> _PROBLEM_:
Below are some records. Output the lines from the first one through the line that holds "You are a visual", exactly as written, with no pictures.

(Beginning of DATA FOR REVIEW)

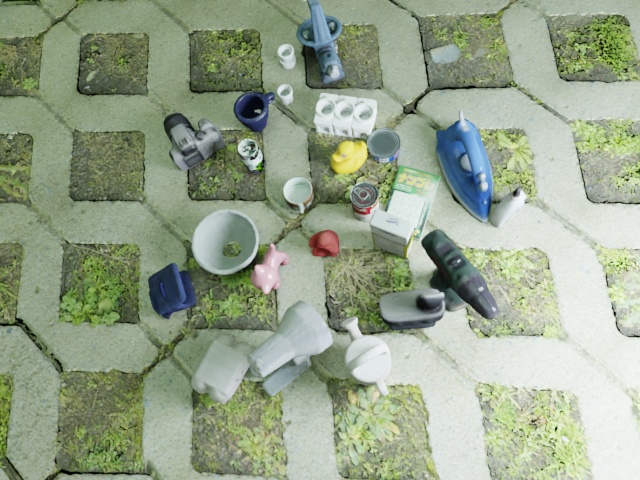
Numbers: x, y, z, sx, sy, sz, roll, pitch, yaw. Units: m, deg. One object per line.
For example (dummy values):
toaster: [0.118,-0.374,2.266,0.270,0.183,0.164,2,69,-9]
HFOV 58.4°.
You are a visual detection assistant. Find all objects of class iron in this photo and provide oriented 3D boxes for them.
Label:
iron: [0.365,-0.181,1.376,0.118,0.141,0.258,-16,71,1]

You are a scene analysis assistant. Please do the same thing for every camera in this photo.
camera: [-0.345,-0.280,1.506,0.143,0.101,0.136,-32,72,-4]

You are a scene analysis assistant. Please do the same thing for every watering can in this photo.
watering can: [0.098,0.253,1.240,0.172,0.194,0.101,40,81,16]

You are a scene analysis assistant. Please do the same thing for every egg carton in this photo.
egg carton: [-0.224,0.296,1.326,0.107,0.069,0.150,24,77,13]

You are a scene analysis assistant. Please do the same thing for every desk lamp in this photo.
desk lamp: [-0.071,0.241,1.251,0.203,0.214,0.117,-40,72,-7]

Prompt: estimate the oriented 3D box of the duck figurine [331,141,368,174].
duck figurine: [0.072,-0.222,1.450,0.104,0.086,0.077,-34,72,-5]

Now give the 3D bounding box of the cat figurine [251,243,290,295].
cat figurine: [-0.126,0.070,1.362,0.067,0.118,0.128,13,74,10]

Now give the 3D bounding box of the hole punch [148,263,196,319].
hole punch: [-0.365,0.124,1.385,0.101,0.091,0.108,-22,71,-1]

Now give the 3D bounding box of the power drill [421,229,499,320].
power drill: [0.303,0.091,1.262,0.075,0.208,0.229,-32,72,-4]

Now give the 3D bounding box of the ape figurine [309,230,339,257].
ape figurine: [0.013,0.005,1.381,0.077,0.092,0.076,40,80,16]

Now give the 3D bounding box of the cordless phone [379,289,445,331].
cordless phone: [0.205,0.140,1.269,0.147,0.185,0.094,-10,71,3]

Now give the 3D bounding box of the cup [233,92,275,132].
cup: [-0.162,-0.336,1.507,0.118,0.095,0.091,-36,72,-6]

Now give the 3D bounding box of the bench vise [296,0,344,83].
bench vise: [0.016,-0.530,1.484,0.121,0.220,0.207,-35,72,-5]

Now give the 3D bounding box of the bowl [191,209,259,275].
bowl: [-0.227,0.012,1.414,0.167,0.075,0.167,-2,72,6]

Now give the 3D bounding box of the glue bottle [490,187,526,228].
glue bottle: [0.442,-0.085,1.321,0.078,0.173,0.037,-37,72,-6]
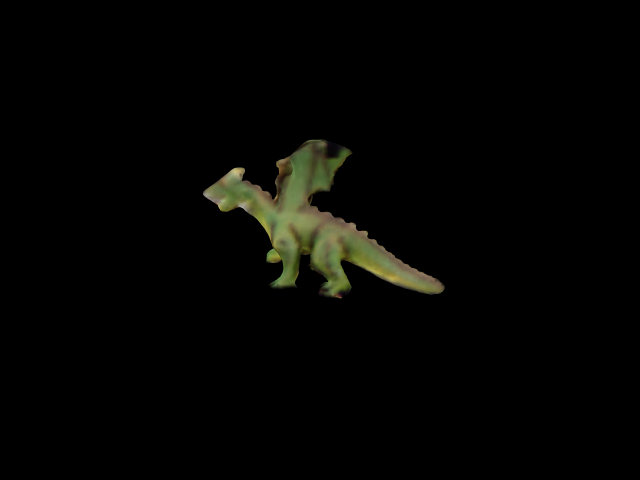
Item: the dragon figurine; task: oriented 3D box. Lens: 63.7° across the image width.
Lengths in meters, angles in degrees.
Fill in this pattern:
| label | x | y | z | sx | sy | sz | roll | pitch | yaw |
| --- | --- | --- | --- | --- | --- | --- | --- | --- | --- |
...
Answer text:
| label | x | y | z | sx | sy | sz | roll | pitch | yaw |
| --- | --- | --- | --- | --- | --- | --- | --- | --- | --- |
| dragon figurine | 0.003 | -0.043 | 0.850 | 0.410 | 0.240 | 0.124 | 4 | 16 | 14 |
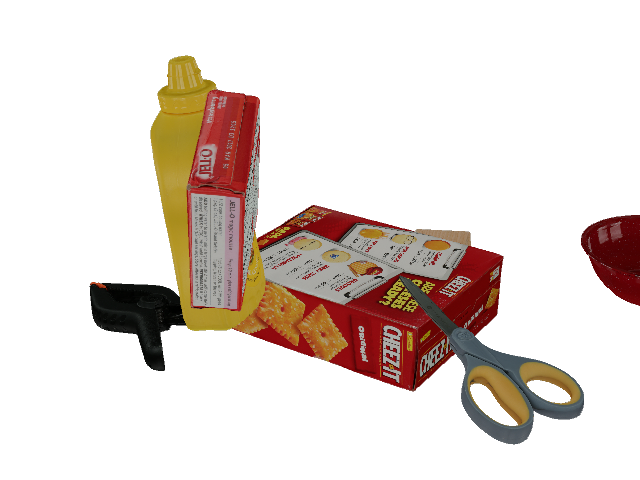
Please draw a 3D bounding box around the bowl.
[{"bbox_3d":[0.362,0.028,1.157,0.162,0.055,0.162,-1,26,0],"label":"bowl"}]

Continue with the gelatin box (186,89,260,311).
[{"bbox_3d":[-0.049,-0.020,0.544,0.030,0.073,0.089,5,-44,0],"label":"gelatin box"}]

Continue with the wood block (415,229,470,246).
[{"bbox_3d":[0.173,0.061,1.626,0.091,0.090,0.206,4,22,13],"label":"wood block"}]

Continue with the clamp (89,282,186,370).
[{"bbox_3d":[-0.173,0.079,1.091,0.210,0.036,0.164,10,20,33],"label":"clamp"}]

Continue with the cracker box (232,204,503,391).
[{"bbox_3d":[0.034,0.046,0.972,0.214,0.072,0.163,16,30,31],"label":"cracker box"}]

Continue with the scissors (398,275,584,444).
[{"bbox_3d":[0.128,0.080,0.800,0.096,0.016,0.202,-1,31,-11],"label":"scissors"}]

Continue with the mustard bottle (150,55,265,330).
[{"bbox_3d":[-0.083,-0.038,0.768,0.058,0.191,0.096,-1,25,16],"label":"mustard bottle"}]

(End of DATA FOR REVIEW)

> _EXPECTED ANSWER_:
Numbers: x, y, z, sx, sy, sz, roll, pitch, yaw. Units: m, deg. One object per line.
For example (dummy values):
toaster: [0.118,-0.374,2.266,0.270,0.183,0.164,2,69,-9]
HFOV 58.4°.
You are a visual detection assistant. Find all objects of class iron in this photo and provide oriented 3D boxes for them.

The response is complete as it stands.